Evidence for apoptosis after intercerebral hemorrhage in rat striatum

The overall hypothesis that cell death after intracerebral hemorrhage is mediated in part by apoptotic mechanisms was tested. Intracerebral hemorrhage was induced in rats using stereotactic infusions of 0.5 U of collagenase (1-microL volume) into the striatum. After 24 hours, large numbers of TUNEL-positive stained cells with morphologies suggestive of apoptosis were present in the center and periphery of the hemorrhage. Double staining with Nissl and immunocytochemical labeling with antibodies against neuronal nuclei and glial fibrillary acidic protein suggested that these TUNEL-positive cells were mostly neurons and astrocytes. Electrophoresis of hemorrhagic brain extracts showed evidence of DNA laddering into approximately 200-bp fragments. Western blots showed cleavage of the cytosolic caspase substrate gelsolin. The density of TUNEL-positive cells at 24 and 48 hours after hemorrhage was significantly reduced by treatment with the broad-spectrum caspase inhibitor zVADfmk. It was unlikely that apoptotic changes were due to neurotoxicity of injected collagenase because TUNEL-positive cells and DNA laddering were also obtained in an alternative model of hemorrhage where autologous blood was infused into the striatum. Furthermore, equivalent doses of collagenase did not induce cell death in primary neuronal cultures. These results provide initial evidence that apoptotic mechanisms may mediate some of the injury in brain after intracerebral hemorrhage.
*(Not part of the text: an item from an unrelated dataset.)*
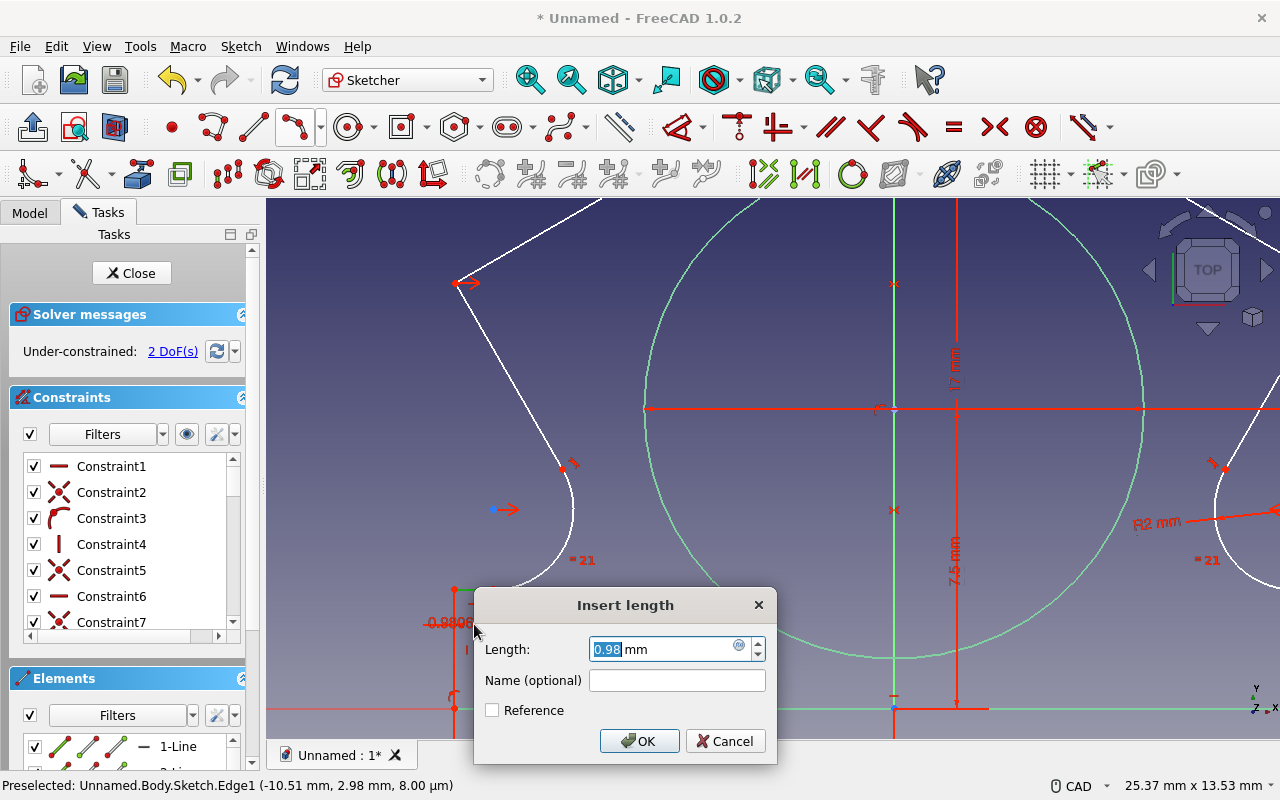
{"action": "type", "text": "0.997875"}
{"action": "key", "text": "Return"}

Protective effects of free radical inhibitors in intracerebral hemorrhage in rat

Iron compounds formed in the degradation of a hematoma can accelerate the formation of free radicals in adjacent ischemic or hypoperfused tissue. The purpose of this study was to examine the efficacy of compounds that quench free radicals in improving the outcome in rats with experimental intracerebral hemorrhage. Intracerebral hemorrhage was induced in rats by injection of bacterial collagenase and heparin into the caudate nucleus. Rats were treated with alpha-tocopherol plus ascorbic acid starting before hemorrhage, or with dimethylthiourea or alpha-phenyl-N-tert-butyl nitrone starting 2 h after hemorrhage, with treatment continued for 10 days after induction of hemorrhage. Outcome was assessed by behavioral analyses, magnetic resonance imaging, and histopathology. A trend towards behavioral improvement was found for rats treated with alpha-tocopherol/ascorbic acid, while behavior was significantly improved following intracerebral hemorrhage in rats treated with dimethylthiourea or alpha-phenyl-N-tert-butyl nitrone. These results suggest that free radicals may play a role in the development of brain injury following intracerebral hemorrhage, and that compounds that interrupt the free radical cascade may improve outcome. However, treatment did not significantly affect edema, resolution of the hematoma, or neuronal injury in tissue adjacent to the hemorrhage.